Il est peu probable que la diffusion du plomb dans la monazite soit fortement anisotrope. L’anisotropie doit être inférieure aux incertitudes de mesure et on doit pouvoir considérer la diffusion isotrope à un ordre de grandeur de près.

Il est donc raisonnable de supposer que la loi d’Arrhenius déterminée par les expériences d’interdiffusion Pb2+ + Th4+⇔ 2 Nd3+ soit représentative de l’hétérodiffusion à grande dilution du plomb dans une grande variété de monazites. Et c’est bien ce coefficient qui nous intéresse dans le cas naturel car le plomb est toujours faiblement concentré dans les monazites. Les échanges Pb2+ + Th4+⇔ 2 Nd3+ et Pb2+ ⇔ Ca2+ ont été en partie choisis parce qu’ils sont probables pour la diffusion du plomb dans les monazites naturelles. Mais même s’ils ne jouent pas dans le cas naturel, ils permettent d’estimer l’hétérodiffusion à grande dilution du plomb, qui sera, quelque soit le couplage et à un ordre de grandeur près, la vitesse maximale que pourra atteindre le plomb dans une monazite.
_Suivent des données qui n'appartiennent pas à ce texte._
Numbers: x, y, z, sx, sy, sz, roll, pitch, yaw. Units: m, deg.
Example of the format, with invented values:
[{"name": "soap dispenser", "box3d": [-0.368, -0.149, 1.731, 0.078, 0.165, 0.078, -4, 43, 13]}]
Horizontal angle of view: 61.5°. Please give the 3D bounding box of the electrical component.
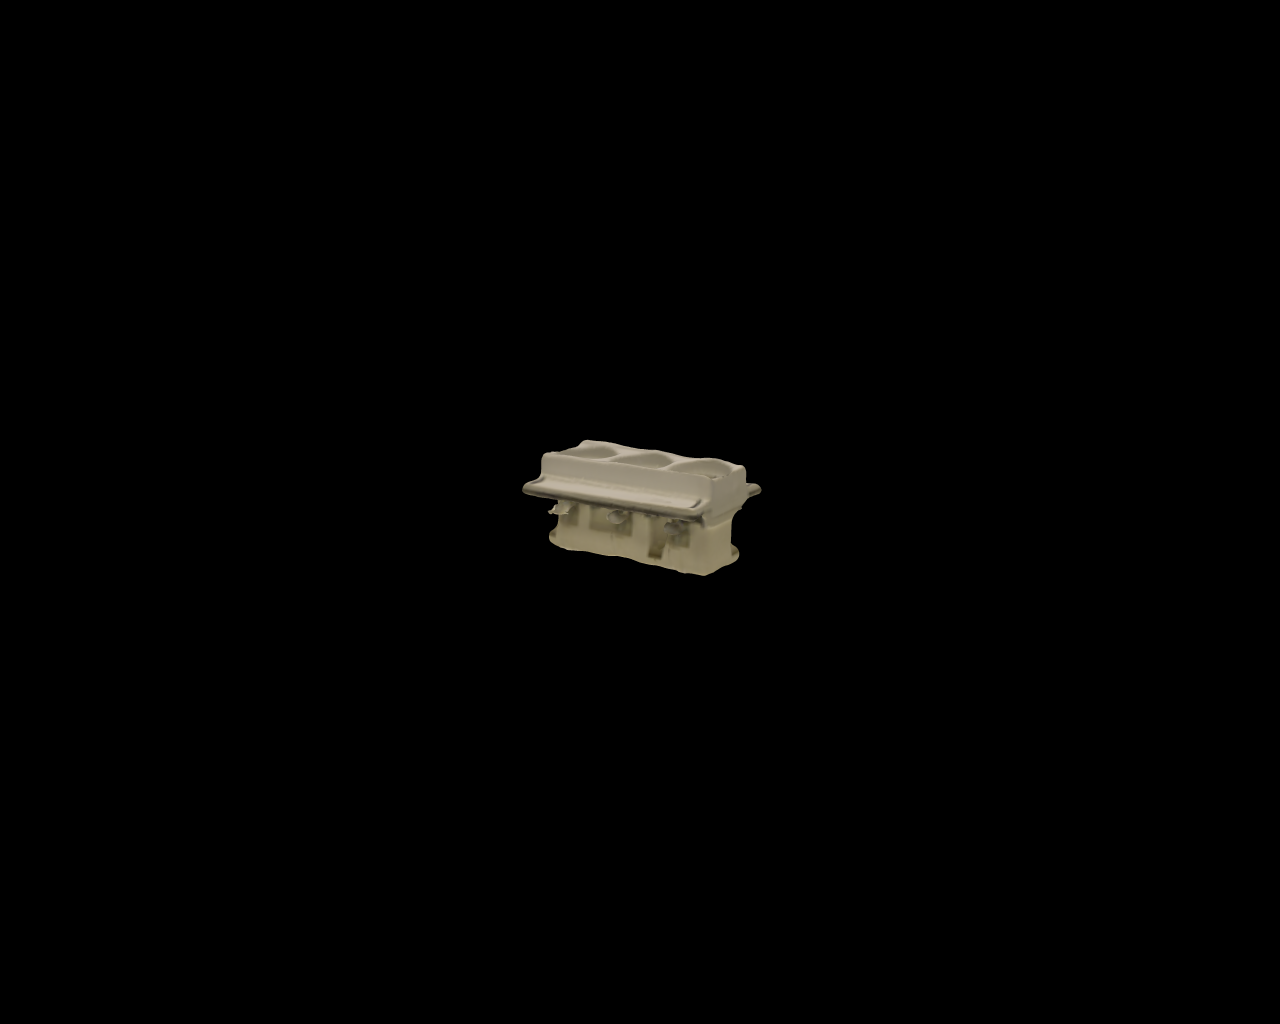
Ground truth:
[{"name": "electrical component", "box3d": [0.001, -0.003, 0.650, 0.121, 0.063, 0.079, 10, 18, 33]}]

Cela dit, nous avons réalisé nos expériences dans des conditions restreintes et différentes des conditions naturelles. Tout d’abord, nous avons fait nos expériences entre 1200 et 1500°C, gamme bien plus haute que les températures crustales communes. Ainsi, pour appliquer notre loi au cas naturel, il faut déjà l’extrapoler à basse température. Cela soulève le problème de la validité de la loi à plus basse température. En effet, rien ne nous permet d’affirmer que les paramètres d’Arrhenius déterminés entre 1200 et 1500°C sont identiques à plus basse température, et qu’en particulier qu’aucun changement dans l’énergie d’activation n’intervient à plus basse température à cause d’un changement dans la population des défauts ponctuels impliqués dans la diffusion du plomb. Nous ne connaissons pas d’étude reportant la population de défauts ponctuels dans les monazites. Il est fort probable que la diffusion du plomb que nous avons observée soit de type intrinsèque, c'est-à-dire ce faisant à l’aide de défauts ponctuels natifs (dont l’existence est seulement liée à l’agitation thermique et non pas aux conditions environnantes). Le régime intrinsèque survient aux hautes températures et se caractérise par de plus fortes énergies d’activation. Bien que notre énergie d’activation ne soit pas particulièrement très forte, la gamme de températures dans laquelle nous avons fonctionné (jusqu’à 1500°C) laisse penser que nous nous trouvons en régime intrinsèque. Cela est renforcé par la concordance de nos résultats avec ceux de Cherniak et al. (2004a) qui n’ont pas vu de différence forte entre échantillons naturels et synthétiques : la population de défauts présents initialement dans les deux matériaux, a priori différents, ne semble pas avoir joué mais seulement les défauts natifs qui apparaissent à haute température, a priori identiques. Maintenant, un changement du régime intrinsèque vers le régime extrinsèque, c'est-à-dire par lequel la diffusion se fait principalement par des défauts ponctuels équilibrés par les

conditions environnantes, est tout à fait possible à plus basse température, c’est à dire aux températures crustales. En régime extrinsèque, les énergies d’activation sont en général plus faibles car à cette énergie ne contribue plus l’énergie de formation des défauts ponctuels mais seulement l’énergie de migration. Si un changement de mécanisme intervient à plus basse température, il sera accompagné par une diminution de l’énergie d’activation. L’extrapolation de notre loi sous-estimerait alors les diffusivités. Mais nous ne pouvons pas vérifier cela expérimentalement, car les diffusivités seront toujours trop faibles à plus basses températures pour obtenir des profils de diffusion mesurables. A ce stade, des simulations numériques seraient sans doute nécessaires. Nous devons donc nous contenter de la loi établie ici, tout en gardant à l’esprit qu’elle n’est peut être plus valable à basse température.